(Material for this exercise)
━━━━

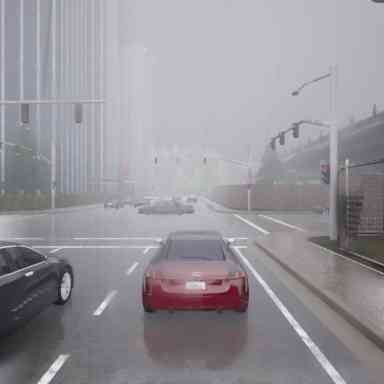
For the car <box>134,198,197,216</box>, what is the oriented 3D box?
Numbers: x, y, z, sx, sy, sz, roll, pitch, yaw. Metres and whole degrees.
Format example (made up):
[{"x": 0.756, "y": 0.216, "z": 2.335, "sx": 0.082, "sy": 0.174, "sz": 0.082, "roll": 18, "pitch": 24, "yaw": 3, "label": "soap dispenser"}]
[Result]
[{"x": -2.430, "y": 1.577, "z": 31.769, "sx": 5.357, "sy": 1.411, "sz": 2.033, "roll": 0, "pitch": 0, "yaw": 0, "label": "car"}]

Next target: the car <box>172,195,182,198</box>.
[{"x": -3.512, "y": 1.495, "z": 74.264, "sx": 1.837, "sy": 1.490, "sz": 4.892, "roll": 0, "pitch": 0, "yaw": 0, "label": "car"}]

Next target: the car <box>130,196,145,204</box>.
[{"x": -10.543, "y": 1.547, "z": 64.908, "sx": 2.033, "sy": 1.411, "sz": 5.357, "roll": 0, "pitch": 0, "yaw": 1, "label": "car"}]

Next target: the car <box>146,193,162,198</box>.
[{"x": -7.084, "y": 1.221, "z": 58.163, "sx": 2.150, "sy": 2.045, "sz": 5.566, "roll": 0, "pitch": 0, "yaw": 1, "label": "car"}]

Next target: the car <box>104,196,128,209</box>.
[{"x": -10.600, "y": 1.491, "z": 45.348, "sx": 2.128, "sy": 1.511, "sz": 4.902, "roll": 0, "pitch": 0, "yaw": 0, "label": "car"}]

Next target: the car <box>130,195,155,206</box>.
[{"x": -7.096, "y": 1.547, "z": 47.973, "sx": 2.033, "sy": 1.411, "sz": 5.357, "roll": 0, "pitch": 0, "yaw": 0, "label": "car"}]

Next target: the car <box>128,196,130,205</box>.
[{"x": -10.593, "y": 1.505, "z": 54.592, "sx": 1.837, "sy": 1.490, "sz": 4.892, "roll": 0, "pitch": 0, "yaw": 0, "label": "car"}]

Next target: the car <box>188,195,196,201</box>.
[{"x": -0.014, "y": 1.524, "z": 85.277, "sx": 1.812, "sy": 1.442, "sz": 4.674, "roll": 0, "pitch": 0, "yaw": 0, "label": "car"}]

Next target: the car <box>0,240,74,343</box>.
[{"x": -3.443, "y": 1.505, "z": 5.217, "sx": 1.837, "sy": 1.490, "sz": 4.892, "roll": 0, "pitch": 0, "yaw": 0, "label": "car"}]

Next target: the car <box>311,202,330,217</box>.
[{"x": 13.993, "y": 1.533, "z": 31.804, "sx": 5.008, "sy": 1.535, "sz": 1.882, "roll": 0, "pitch": 0, "yaw": 0, "label": "car"}]

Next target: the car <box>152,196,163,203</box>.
[{"x": -7.020, "y": 1.505, "z": 68.306, "sx": 1.837, "sy": 1.490, "sz": 4.892, "roll": 0, "pitch": 0, "yaw": 0, "label": "car"}]

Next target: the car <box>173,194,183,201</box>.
[{"x": -3.514, "y": 1.386, "z": 84.688, "sx": 2.128, "sy": 1.511, "sz": 4.902, "roll": 0, "pitch": 0, "yaw": 0, "label": "car"}]

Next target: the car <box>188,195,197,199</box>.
[{"x": 0.085, "y": 1.477, "z": 63.727, "sx": 1.882, "sy": 1.535, "sz": 5.008, "roll": 0, "pitch": 0, "yaw": 0, "label": "car"}]

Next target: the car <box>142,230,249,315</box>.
[{"x": 0.070, "y": 1.564, "z": 7.673, "sx": 1.994, "sy": 1.385, "sz": 4.181, "roll": 0, "pitch": 0, "yaw": 0, "label": "car"}]

━━━━

(Exercise aim)
Copy, exactly and with nothing added, the lines from the one containing "Next target: the car <box>152,196,163,203</box>." through the end of the records.

(Response)
Next target: the car <box>152,196,163,203</box>.
[{"x": -7.020, "y": 1.505, "z": 68.306, "sx": 1.837, "sy": 1.490, "sz": 4.892, "roll": 0, "pitch": 0, "yaw": 0, "label": "car"}]

Next target: the car <box>173,194,183,201</box>.
[{"x": -3.514, "y": 1.386, "z": 84.688, "sx": 2.128, "sy": 1.511, "sz": 4.902, "roll": 0, "pitch": 0, "yaw": 0, "label": "car"}]

Next target: the car <box>188,195,197,199</box>.
[{"x": 0.085, "y": 1.477, "z": 63.727, "sx": 1.882, "sy": 1.535, "sz": 5.008, "roll": 0, "pitch": 0, "yaw": 0, "label": "car"}]

Next target: the car <box>142,230,249,315</box>.
[{"x": 0.070, "y": 1.564, "z": 7.673, "sx": 1.994, "sy": 1.385, "sz": 4.181, "roll": 0, "pitch": 0, "yaw": 0, "label": "car"}]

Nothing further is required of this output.